[<prev] [next>] [<thread-prev] [day] [month] [year] [list]
Message-ID: <20250602150031233VUeNfq2WjnCflANKAZbcb@zte.com.cn>
Date: Mon, 2 Jun 2025 15:00:31 +0800 (CST)
From: <xu.xin16@....com.cn>
To: <lorenzo.stoakes@...cle.com>
Cc: <akpm@...ux-foundation.org>, <viro@...iv.linux.org.uk>,
<brauner@...nel.org>, <jack@...e.cz>, <Liam.Howlett@...cle.com>,
<vbabka@...e.cz>, <jannh@...gle.com>, <pfalcato@...e.de>,
<david@...hat.com>, <chengming.zhou@...ux.dev>, <linux-mm@...ck.org>,
<linux-kernel@...r.kernel.org>, <linux-fsdevel@...r.kernel.org>,
<shr@...kernel.io>
Subject: Re: [PATCH v3 3/4] mm: prevent KSM from breaking VMA merging for new VMAs
> If a user wishes to enable KSM mergeability for an entire process and all
> fork/exec'd processes that come after it, they use the prctl()

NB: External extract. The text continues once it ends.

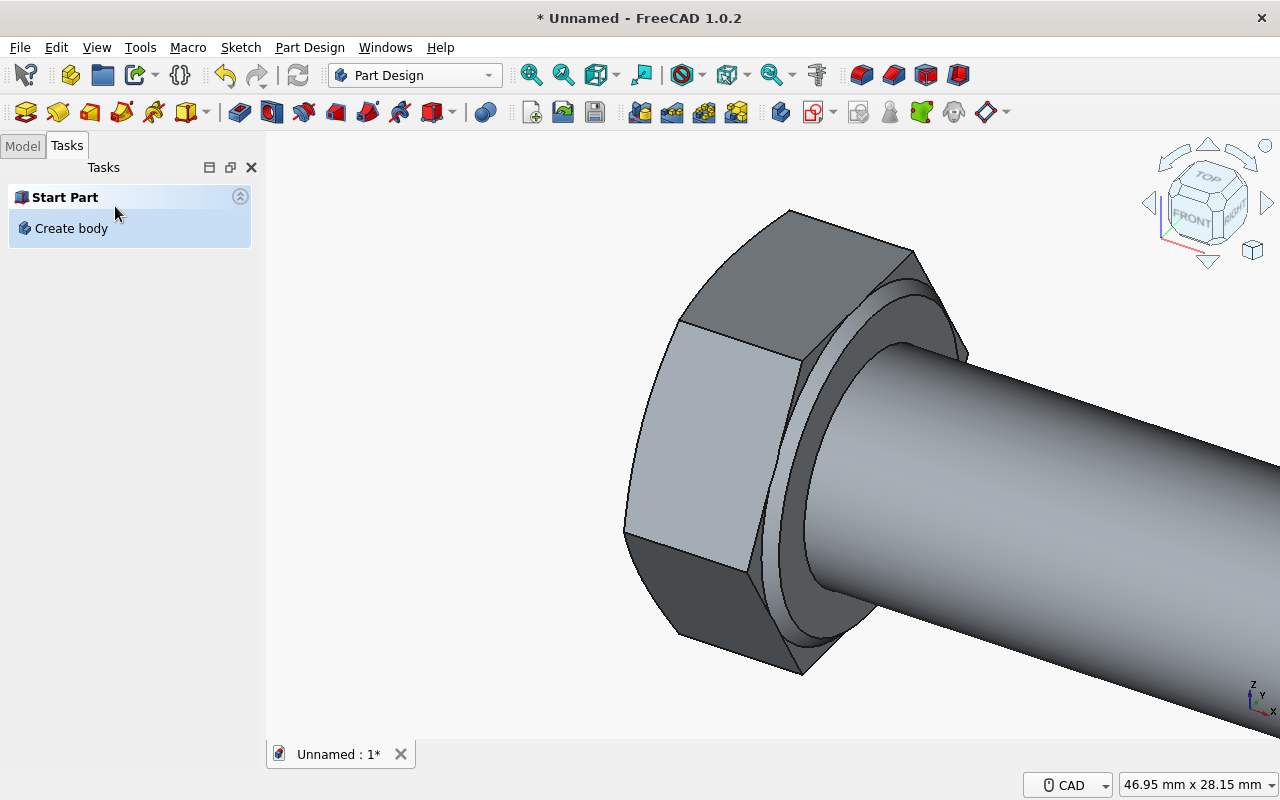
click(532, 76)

> PR_SET_MEMORY_MERGE operation.
>
> This defaults all newly mapped VMAs to have the VM_MERGEABLE VMA flag set
> (in order to indicate they are KSM mergeable), as well as setting this flag
> for all existing VMAs and propagating this across fork/exec.
>
> However it also breaks VMA merging for new VMAs, both in the process and
> all forked (and fork/exec'd) child processes.
>
> This is because when a new mapping is proposed, the flags specified will
> never have VM_MERGEABLE set. However all adjacent VMAs will already have
> VM_MERGEABLE set, rendering VMAs unmergeable by default.
>
> To work around this, we try to set the VM_MERGEABLE flag prior to
> attempting a merge. In the case of brk() this can always be done.
>
> However on mmap() things are more complicated - while KSM is not supported
> for MAP_SHARED file-backed mappings, it is supported for MAP_PRIVATE
> file-backed mappings.
>
> These mappings may have deprecated .mmap() callbacks specified which could,
> in theory, adjust flags and thus KSM eligibility.
>
> So we check to determine whether this is possible. If not, we set
> VM_MERGEABLE prior to the merge attempt on mmap(), otherwise we retain the
> previous behaviour.
>
> This fixes VMA merging for all new anonymous mappings, which covers the
> majority of real-world cases, so we should see a significant improvement in
> VMA mergeability.
>
> For MAP_PRIVATE file-backed mappings, those which implement the
> .mmap_prepare() hook and shmem are both known to be safe, so we allow
> these, disallowing all other cases.
>
> Also add stubs for newly introduced function invocations to VMA userland
> testing.
>
> Signed-off-by: Lorenzo Stoakes <lorenzo.stoakes@...cle.com>
> Fixes: d7597f59d1d3 ("mm: add new api to enable ksm per process") # please no backport!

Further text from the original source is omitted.